Brief:
Keep each line of the material that includes "HFOV", and leave out the rest.
::::::::
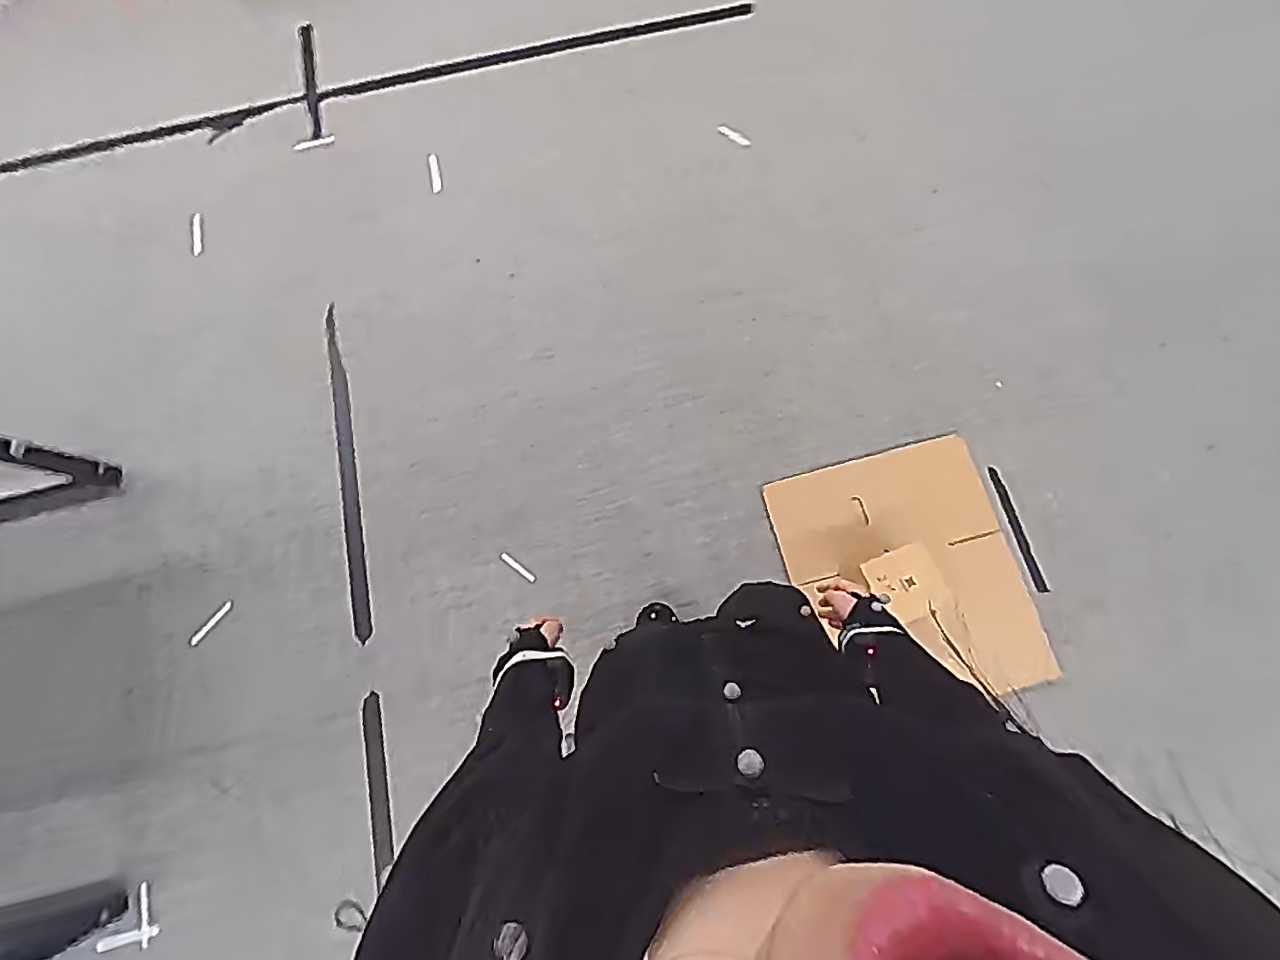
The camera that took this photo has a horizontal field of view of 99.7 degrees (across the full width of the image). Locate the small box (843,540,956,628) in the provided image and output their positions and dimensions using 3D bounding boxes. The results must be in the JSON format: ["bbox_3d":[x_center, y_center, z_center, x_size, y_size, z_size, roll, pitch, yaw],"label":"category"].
[{"bbox_3d":[0.656,0.268,1.388,0.179,0.176,0.168,-22,75,-3],"label":"small box"}]
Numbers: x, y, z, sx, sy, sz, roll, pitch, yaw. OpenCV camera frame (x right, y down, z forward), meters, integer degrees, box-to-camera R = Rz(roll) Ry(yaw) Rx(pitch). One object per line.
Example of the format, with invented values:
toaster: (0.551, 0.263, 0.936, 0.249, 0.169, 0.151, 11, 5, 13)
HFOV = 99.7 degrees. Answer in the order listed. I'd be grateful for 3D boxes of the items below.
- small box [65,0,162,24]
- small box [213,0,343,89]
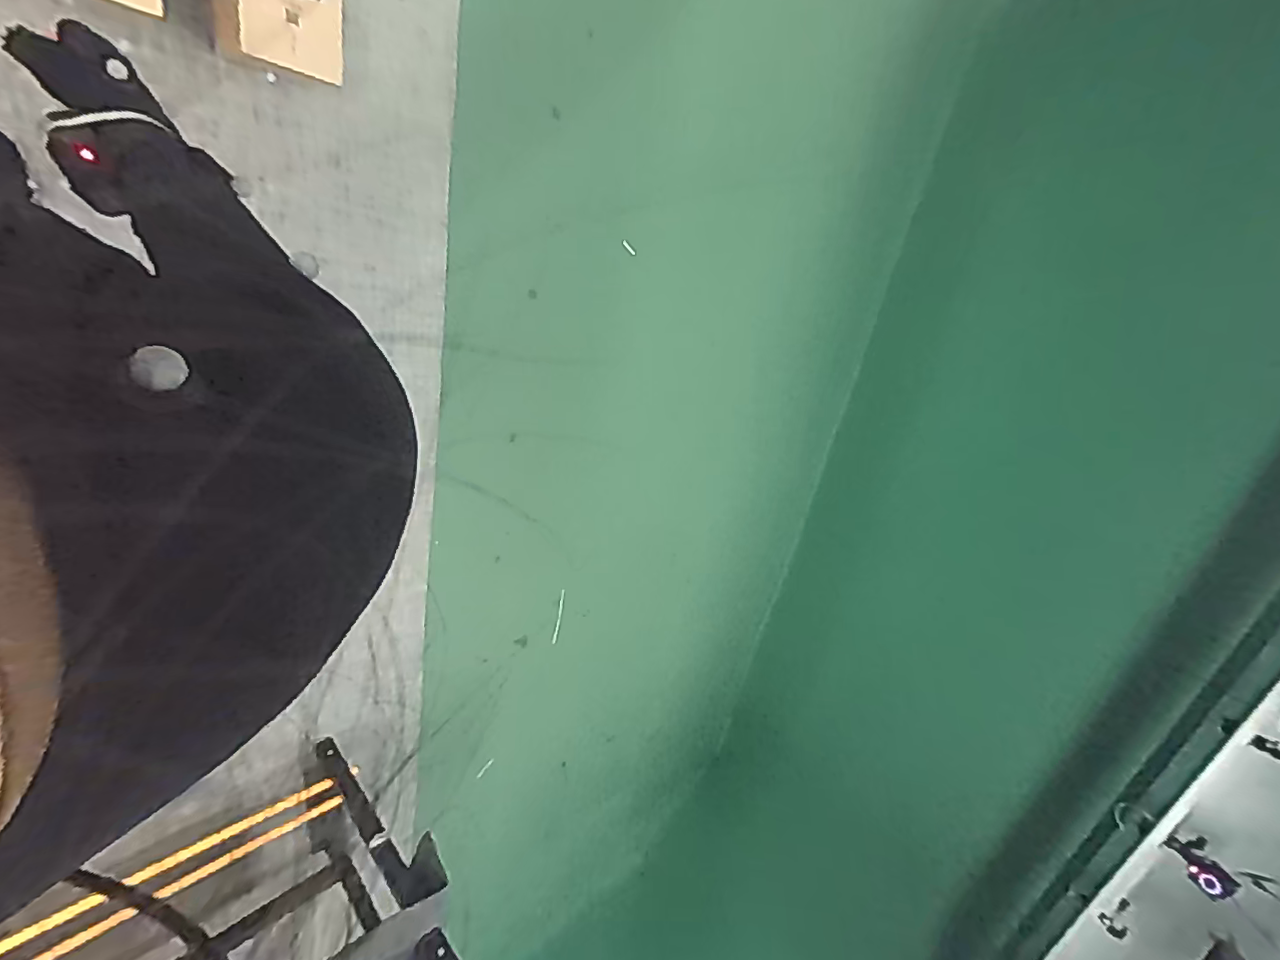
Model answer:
small box: (-0.847, -0.821, 0.808, 0.168, 0.176, 0.179, -15, 124, -47)
small box: (-0.672, -0.856, 1.002, 0.168, 0.176, 0.179, -14, 124, -47)
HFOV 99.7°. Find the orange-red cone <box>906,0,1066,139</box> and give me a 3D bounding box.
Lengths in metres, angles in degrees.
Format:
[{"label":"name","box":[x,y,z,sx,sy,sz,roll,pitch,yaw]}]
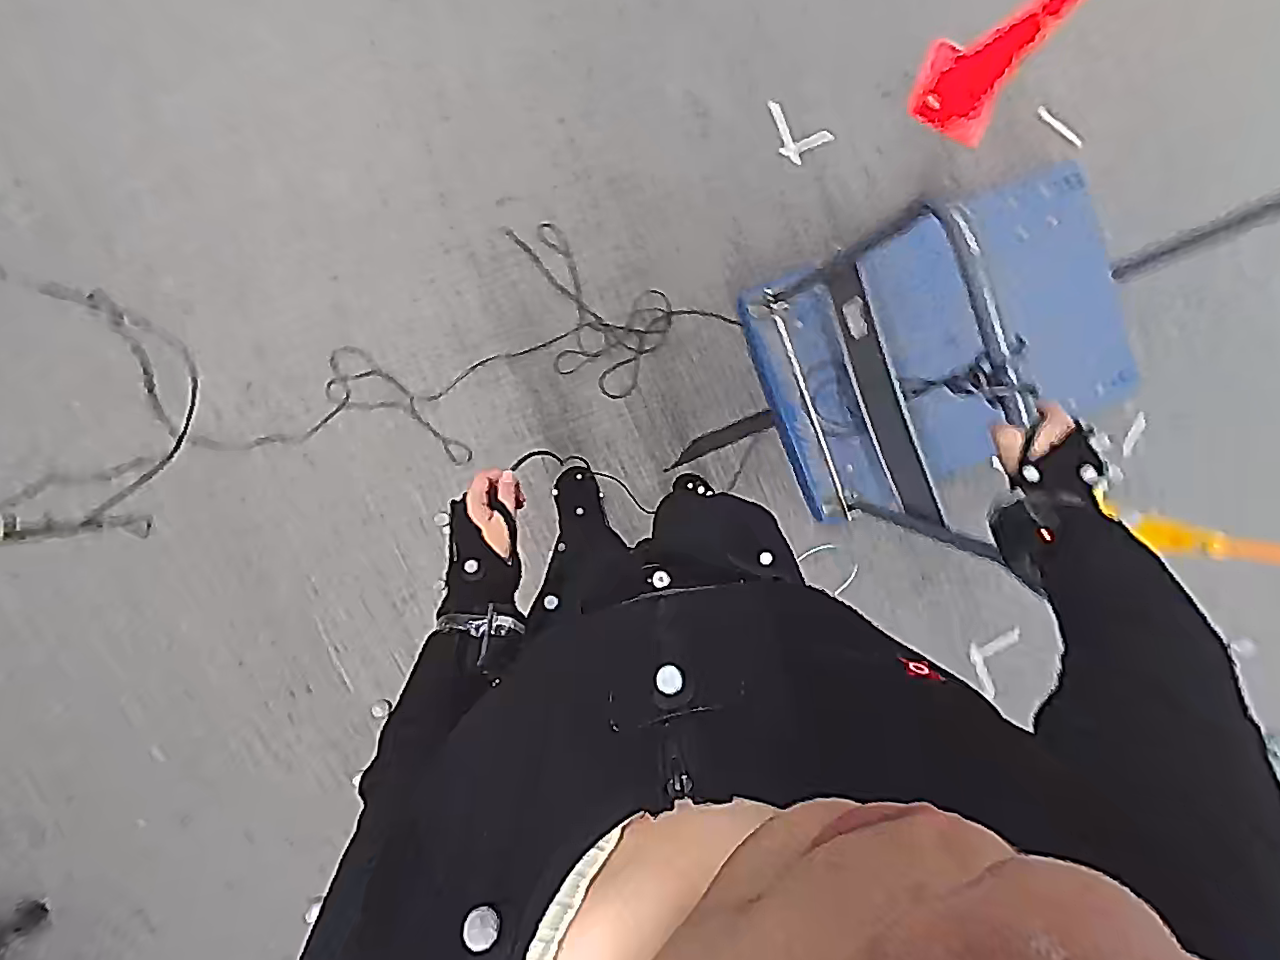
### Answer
[{"label":"orange-red cone","box":[0.811,-0.975,1.203,0.199,0.360,0.198,21,93,-10]}]
::::::::
Result for this task:
HFOV = 99.7 degrees. Answer in the order listed. I'd be grateful for 3D boxes of the items below.
HFOV 99.7°. Find the orange-red cone <box>906,0,1066,139</box> and give me a 3D bounding box.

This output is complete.